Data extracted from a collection
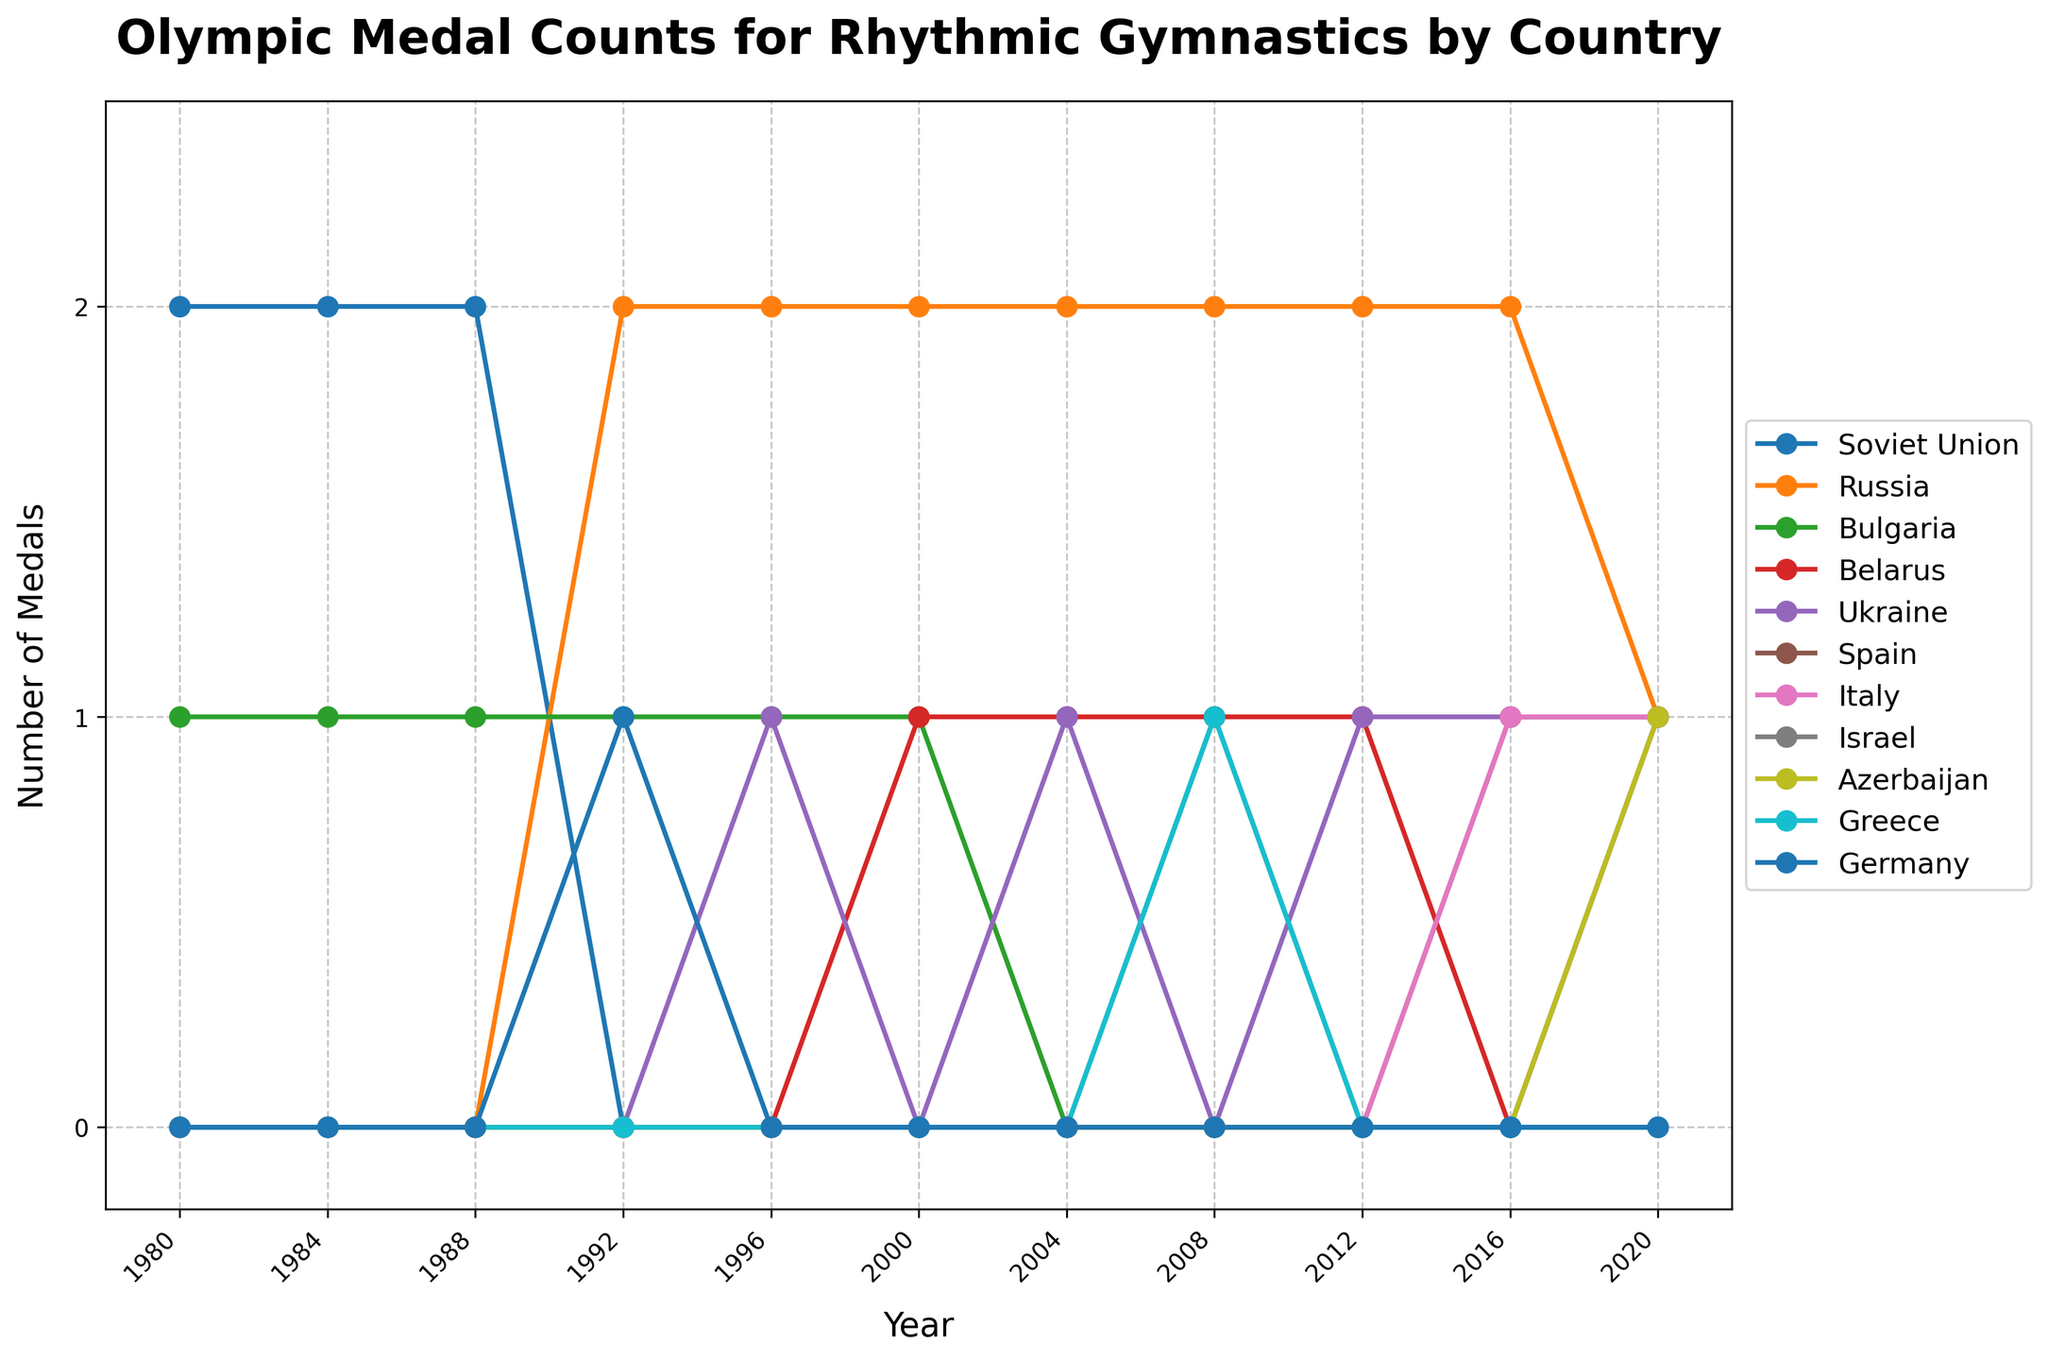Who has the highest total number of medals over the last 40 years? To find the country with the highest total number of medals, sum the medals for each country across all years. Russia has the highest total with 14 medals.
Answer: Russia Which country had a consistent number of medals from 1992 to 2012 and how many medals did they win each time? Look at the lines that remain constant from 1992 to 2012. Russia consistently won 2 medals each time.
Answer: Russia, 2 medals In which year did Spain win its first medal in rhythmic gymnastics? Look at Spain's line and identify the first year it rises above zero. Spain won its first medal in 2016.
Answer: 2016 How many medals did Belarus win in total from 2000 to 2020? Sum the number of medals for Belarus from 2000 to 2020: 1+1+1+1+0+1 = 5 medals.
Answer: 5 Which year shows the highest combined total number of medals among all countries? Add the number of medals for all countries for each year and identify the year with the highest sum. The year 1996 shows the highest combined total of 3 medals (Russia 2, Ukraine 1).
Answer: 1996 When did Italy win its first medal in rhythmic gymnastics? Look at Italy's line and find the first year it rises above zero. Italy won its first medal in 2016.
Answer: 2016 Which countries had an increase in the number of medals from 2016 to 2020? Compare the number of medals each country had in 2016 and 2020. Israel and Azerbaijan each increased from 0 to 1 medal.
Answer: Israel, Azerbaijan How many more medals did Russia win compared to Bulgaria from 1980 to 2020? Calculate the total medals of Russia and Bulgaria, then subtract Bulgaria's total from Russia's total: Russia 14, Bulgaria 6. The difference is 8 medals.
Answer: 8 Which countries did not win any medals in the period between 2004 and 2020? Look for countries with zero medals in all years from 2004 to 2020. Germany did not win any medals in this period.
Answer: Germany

==

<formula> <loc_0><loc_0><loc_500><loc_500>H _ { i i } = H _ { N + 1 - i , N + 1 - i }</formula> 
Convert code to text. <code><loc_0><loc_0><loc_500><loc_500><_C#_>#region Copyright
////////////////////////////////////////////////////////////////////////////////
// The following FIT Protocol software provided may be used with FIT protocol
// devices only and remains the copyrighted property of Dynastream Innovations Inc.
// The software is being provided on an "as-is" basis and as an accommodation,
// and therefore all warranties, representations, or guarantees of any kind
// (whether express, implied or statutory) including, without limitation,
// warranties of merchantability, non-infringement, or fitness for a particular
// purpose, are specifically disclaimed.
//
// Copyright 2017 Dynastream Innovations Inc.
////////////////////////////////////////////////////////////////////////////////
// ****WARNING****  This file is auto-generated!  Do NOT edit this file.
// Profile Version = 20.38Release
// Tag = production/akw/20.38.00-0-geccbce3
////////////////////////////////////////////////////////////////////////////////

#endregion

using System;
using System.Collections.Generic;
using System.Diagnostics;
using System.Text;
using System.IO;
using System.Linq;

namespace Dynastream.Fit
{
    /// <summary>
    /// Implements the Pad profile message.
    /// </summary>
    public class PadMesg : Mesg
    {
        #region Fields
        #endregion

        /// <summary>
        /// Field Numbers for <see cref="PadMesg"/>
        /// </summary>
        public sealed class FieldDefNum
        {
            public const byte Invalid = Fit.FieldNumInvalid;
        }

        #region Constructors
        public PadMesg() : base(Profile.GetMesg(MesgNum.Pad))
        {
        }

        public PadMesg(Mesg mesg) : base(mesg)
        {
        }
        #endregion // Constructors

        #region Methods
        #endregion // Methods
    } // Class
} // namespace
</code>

TASK
For every line above that has "countries" in it, copy the line.

SOLUTION FOR THIS EXERCISE
Answer: 5 Which year shows the highest combined total number of medals among all countries? Add the number of medals for all countries for each year and identify the year with the highest sum. The year 1996 shows the highest combined total of 3 medals (Russia 2, Ukraine 1).
Answer: 2016 Which countries had an increase in the number of medals from 2016 to 2020? Compare the number of medals each country had in 2016 and 2020. Israel and Azerbaijan each increased from 0 to 1 medal.
Answer: 8 Which countries did not win any medals in the period between 2004 and 2020? Look for countries with zero medals in all years from 2004 to 2020. Germany did not win any medals in this period.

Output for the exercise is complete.